In January 1929 the British Milk Publicity Board contacted London County Council, and started the distribution of milk at school. [4] By October 1929 this was 200,000 children. [5] By November 1930 this was 500,000 children in 80 local authorities. [6] By 1931 this was 10% of schoolchildren. [7] By 1934 it was 900,000 children. [8] By 1937 it was two million children, and 2.75 million by 1938. [9]
During WWII it had to curtail its activities as milk was heavily rationed. Sale of milk in the UK was three pints per head each week in 1939, rising to five pints in 1951. [10]

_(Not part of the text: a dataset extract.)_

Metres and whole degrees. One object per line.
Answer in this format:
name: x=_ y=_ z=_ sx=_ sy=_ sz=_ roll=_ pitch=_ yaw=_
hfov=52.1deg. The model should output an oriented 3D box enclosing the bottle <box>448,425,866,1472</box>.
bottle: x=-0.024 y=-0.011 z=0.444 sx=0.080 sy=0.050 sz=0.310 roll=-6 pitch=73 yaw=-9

From the 1983 until 2001 it was known as the National Dairy Council. In the 1960s, it was situated at Melbourne House in Aldwych. [11]
The National Dairy Council, before 1983, was a subdivision that ran festivals such as the Dairy Foods Festival in London in June, the Dairy Information Service, and the Dairy Recipe Service.
It gave the name Ploughman's lunch to the common meal in 1961, in advertising.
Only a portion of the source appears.